*** Opening Provided records ***
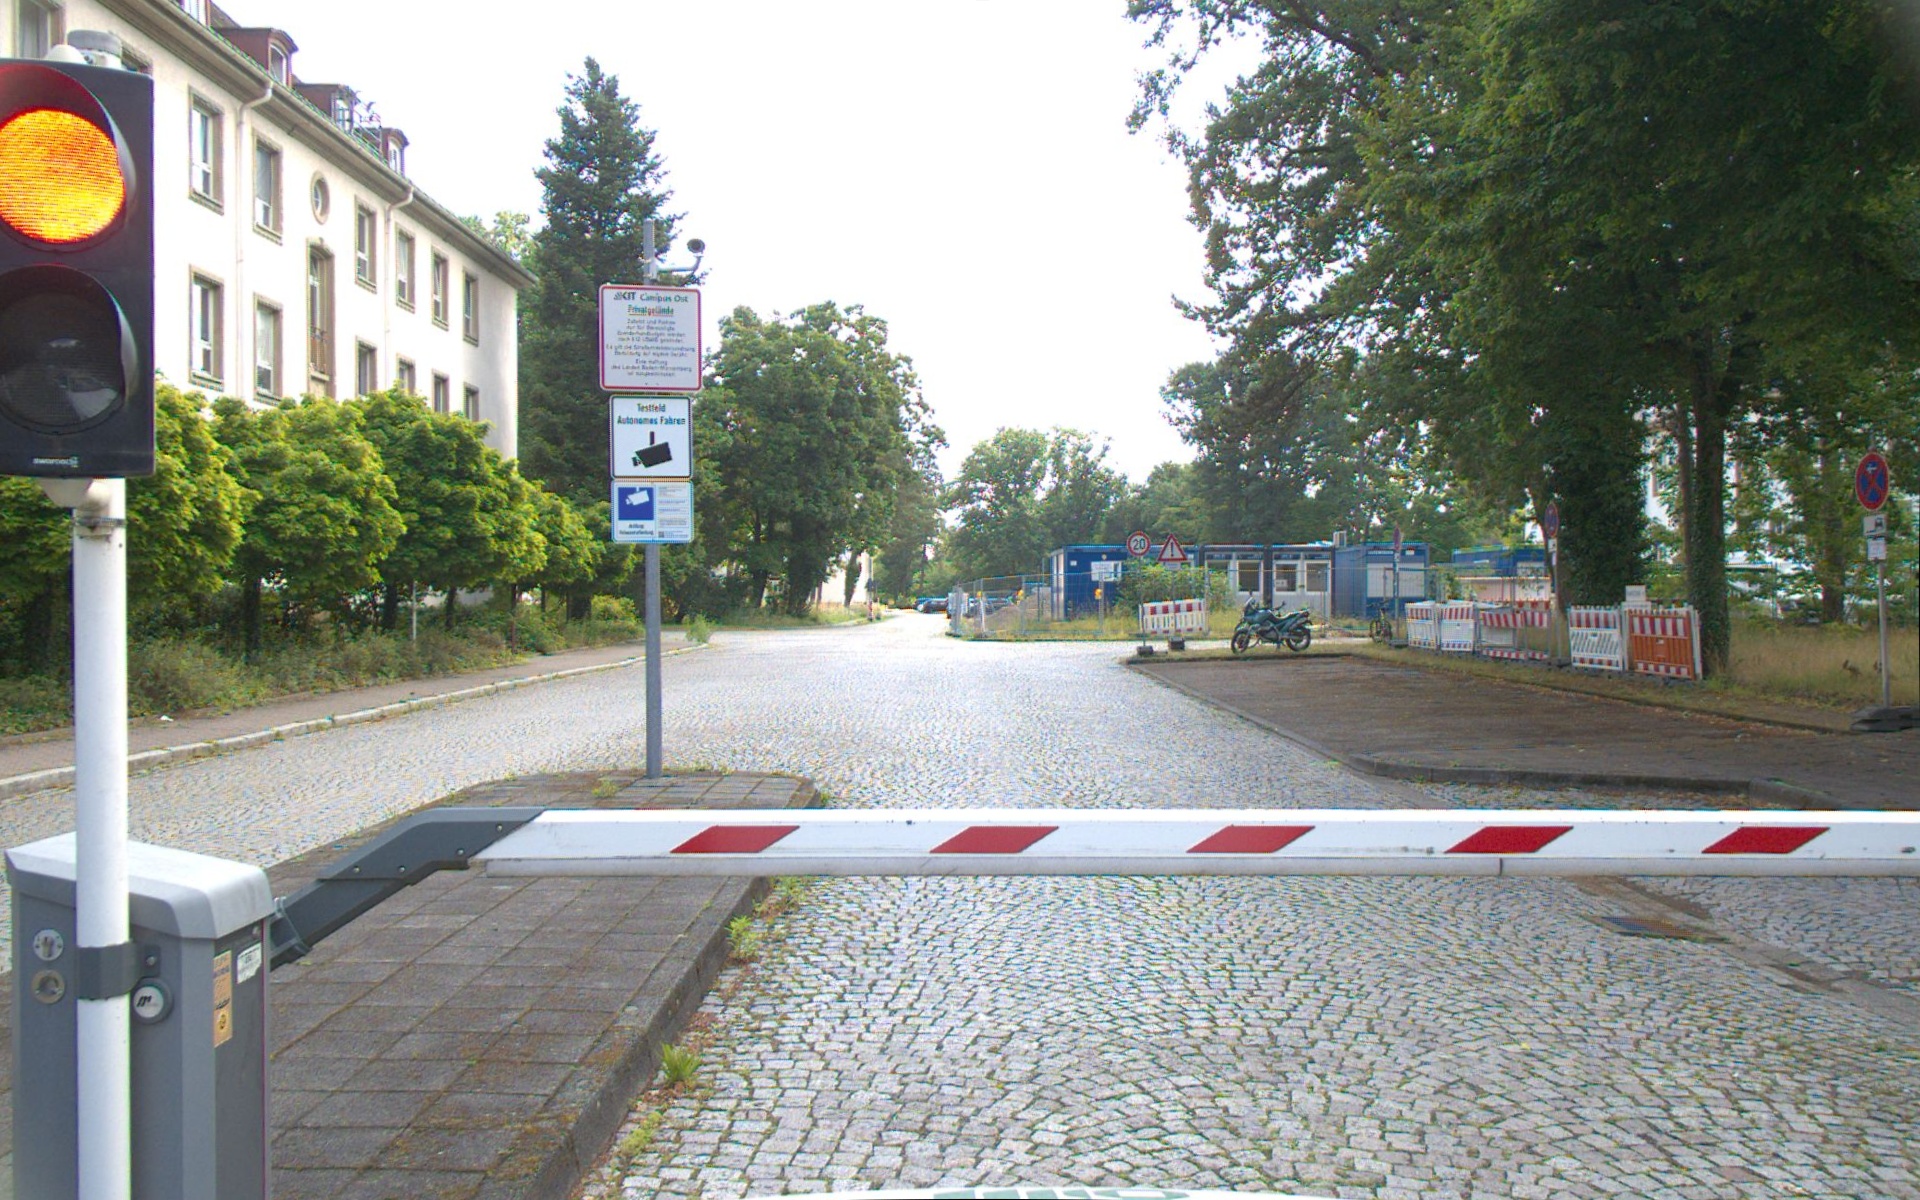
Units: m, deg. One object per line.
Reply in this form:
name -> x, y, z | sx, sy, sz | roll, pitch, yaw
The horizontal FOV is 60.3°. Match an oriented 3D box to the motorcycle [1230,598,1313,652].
motorcycle -> 7.598, 0.604, 40.379 | 1.917, 1.215, 0.461 | -2, 5, -2

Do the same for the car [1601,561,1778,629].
car -> 20.559, -0.129, 46.740 | 4.132, 1.852, 2.000 | 0, -1, 2

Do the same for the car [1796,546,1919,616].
car -> 28.186, -0.568, 51.382 | 1.953, 2.049, 4.839 | -1, 0, -1

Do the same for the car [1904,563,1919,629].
car -> 26.292, -0.122, 40.935 | 1.971, 1.679, 4.795 | 0, -1, -28

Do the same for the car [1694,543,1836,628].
car -> 24.511, -0.394, 50.623 | 1.952, 2.466, 5.358 | 0, -1, 3

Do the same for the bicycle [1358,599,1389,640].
bicycle -> 10.486, 0.507, 41.963 | 0.325, 1.025, 1.725 | -1, -2, -1
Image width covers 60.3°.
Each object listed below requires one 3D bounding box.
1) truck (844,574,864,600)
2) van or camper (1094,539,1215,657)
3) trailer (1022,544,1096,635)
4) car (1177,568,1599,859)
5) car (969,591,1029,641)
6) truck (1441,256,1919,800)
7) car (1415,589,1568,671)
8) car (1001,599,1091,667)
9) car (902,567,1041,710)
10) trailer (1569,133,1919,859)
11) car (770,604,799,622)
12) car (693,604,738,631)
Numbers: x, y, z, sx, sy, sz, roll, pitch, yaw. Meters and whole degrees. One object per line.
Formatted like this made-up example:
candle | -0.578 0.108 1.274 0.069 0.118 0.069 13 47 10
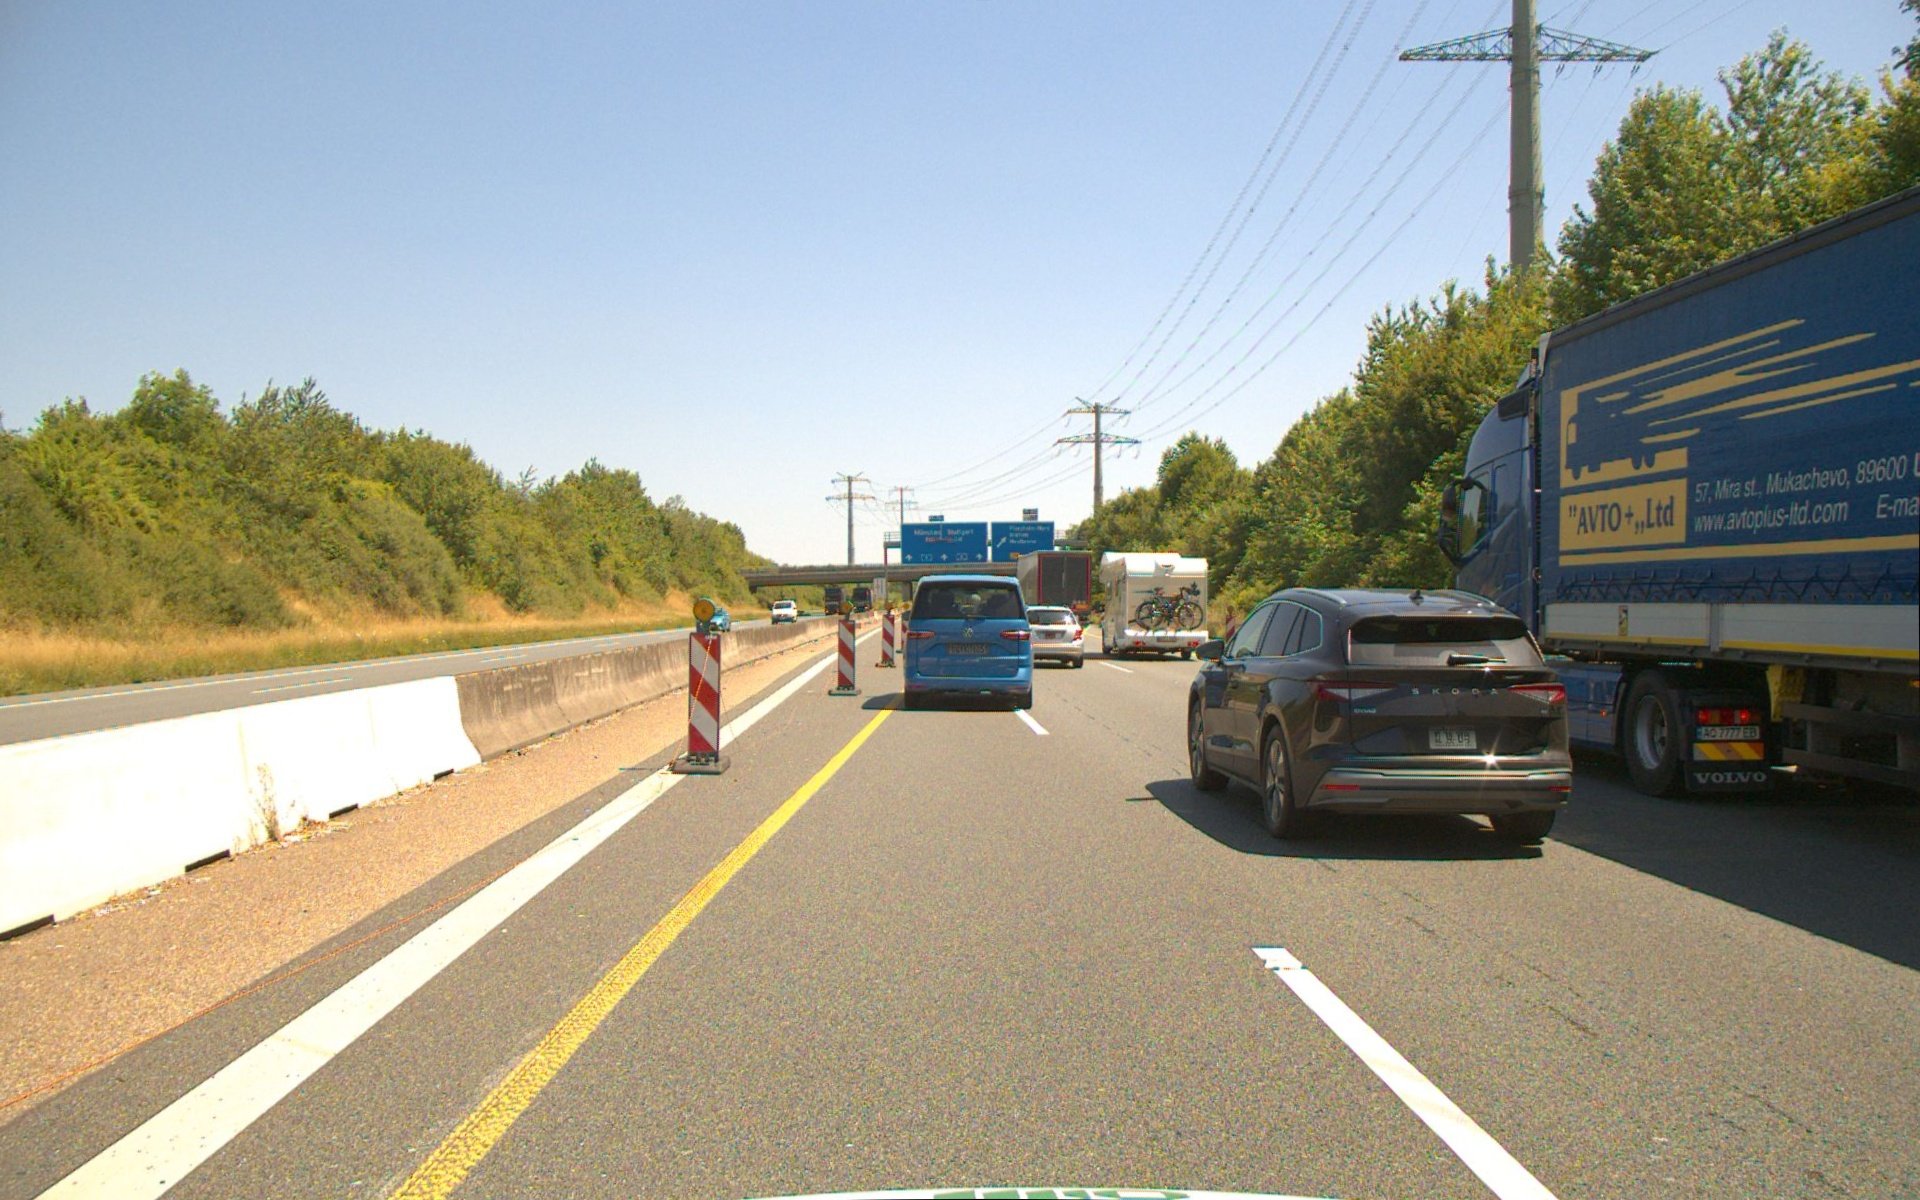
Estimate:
truck | -16.456 -1.953 257.547 2.666 3.987 6.777 1 0 0
van or camper | 5.482 -0.037 47.743 2.321 3.097 7.629 1 0 -2
trailer | 4.776 -0.443 82.272 2.726 4.118 13.109 1 0 -1
car | 2.808 0.675 11.903 1.667 1.684 4.427 1 0 -3
car | 1.359 0.569 59.874 1.837 1.700 4.357 1 0 -3
truck | 6.880 -0.547 15.777 2.729 4.217 5.634 1 0 -2
car | 11.832 0.645 37.116 1.837 1.700 4.357 1 0 -3
car | 2.036 0.765 40.244 1.735 1.544 4.357 1 0 -3
car | 0.085 0.540 25.039 1.837 1.945 4.357 1 0 -3
trailer | 7.126 -0.614 8.606 2.711 4.338 12.873 1 0 -2
car | -14.695 1.097 138.413 1.953 1.422 4.000 -2 0 0
car | -14.070 0.998 95.263 1.953 1.422 4.000 -2 0 0
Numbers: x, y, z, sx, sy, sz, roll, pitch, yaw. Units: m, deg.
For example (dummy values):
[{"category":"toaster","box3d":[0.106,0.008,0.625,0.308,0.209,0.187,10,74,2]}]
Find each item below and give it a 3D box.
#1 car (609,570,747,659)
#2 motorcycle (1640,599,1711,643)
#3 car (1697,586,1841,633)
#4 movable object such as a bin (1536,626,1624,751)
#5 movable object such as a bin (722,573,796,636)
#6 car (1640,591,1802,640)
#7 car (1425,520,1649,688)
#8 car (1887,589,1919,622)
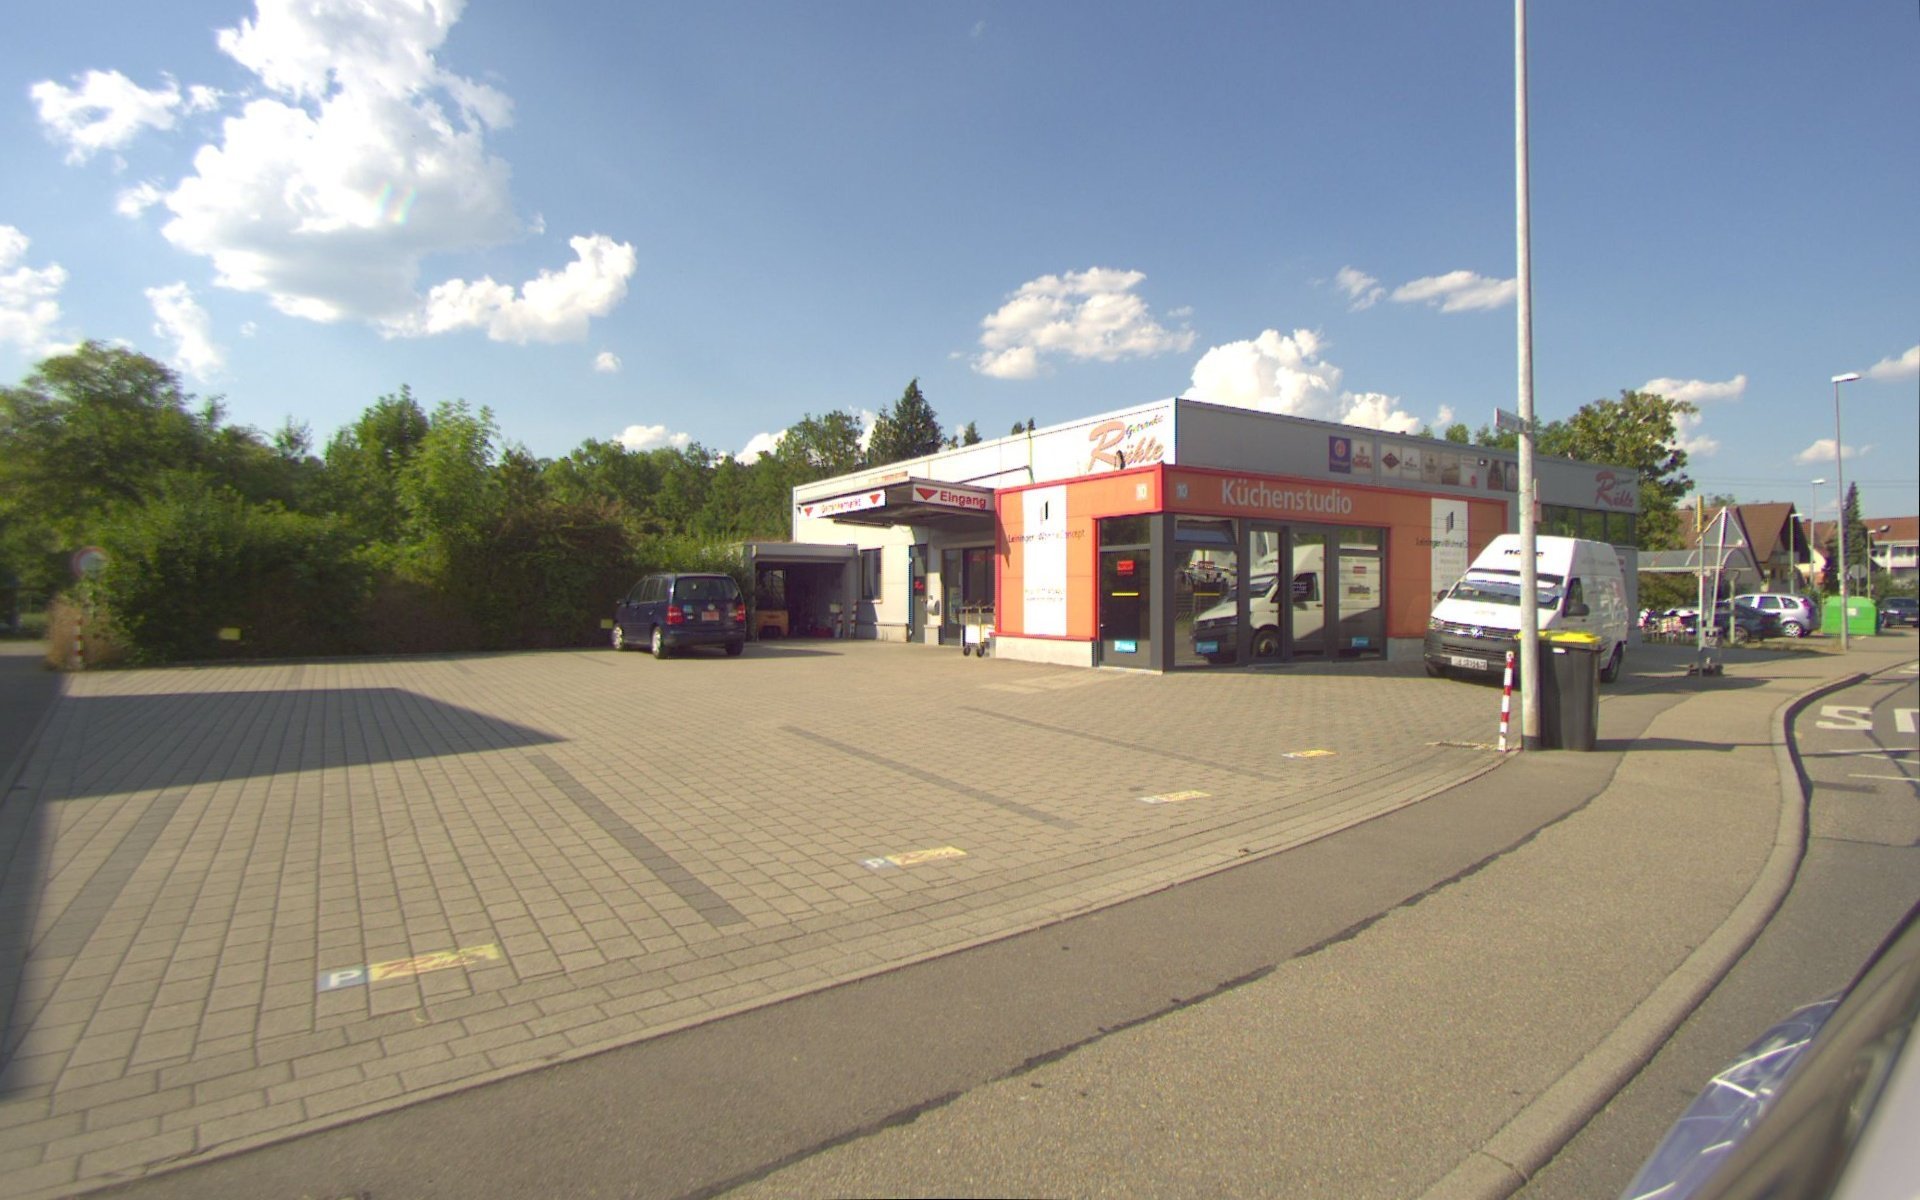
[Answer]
[{"category":"car","box3d":[-5.792,0.233,20.539,1.609,1.615,3.644,-1,1,-34]},{"category":"motorcycle","box3d":[23.434,0.674,33.183,1.818,1.340,0.633,2,1,33]},{"category":"car","box3d":[29.954,0.307,37.556,1.653,1.623,3.948,-1,1,-39]},{"category":"movable object such as a bin","box3d":[5.825,0.808,9.510,0.563,1.088,0.567,1,0,-45]},{"category":"movable object such as a bin","box3d":[-5.621,0.107,28.091,1.153,1.669,3.026,0,0,-29]},{"category":"car","box3d":[25.517,0.467,34.042,1.596,1.434,4.076,0,2,-37]},{"category":"car","box3d":[9.799,0.012,16.986,5.093,2.404,1.838,0,3,-44]},{"category":"car","box3d":[51.285,0.293,54.401,1.966,1.677,3.942,2,2,40]}]
*** Closing Provided records ***
_Exercise directions_:
Each line from the one holding "#5 movable object" to the end of the records above must be copied exactly; the pictures must not be copied.

_Exercise answer_:
#5 movable object such as a bin (722,573,796,636)
#6 car (1640,591,1802,640)
#7 car (1425,520,1649,688)
#8 car (1887,589,1919,622)
[Answer]
[{"category":"car","box3d":[-5.792,0.233,20.539,1.609,1.615,3.644,-1,1,-34]},{"category":"motorcycle","box3d":[23.434,0.674,33.183,1.818,1.340,0.633,2,1,33]},{"category":"car","box3d":[29.954,0.307,37.556,1.653,1.623,3.948,-1,1,-39]},{"category":"movable object such as a bin","box3d":[5.825,0.808,9.510,0.563,1.088,0.567,1,0,-45]},{"category":"movable object such as a bin","box3d":[-5.621,0.107,28.091,1.153,1.669,3.026,0,0,-29]},{"category":"car","box3d":[25.517,0.467,34.042,1.596,1.434,4.076,0,2,-37]},{"category":"car","box3d":[9.799,0.012,16.986,5.093,2.404,1.838,0,3,-44]},{"category":"car","box3d":[51.285,0.293,54.401,1.966,1.677,3.942,2,2,40]}]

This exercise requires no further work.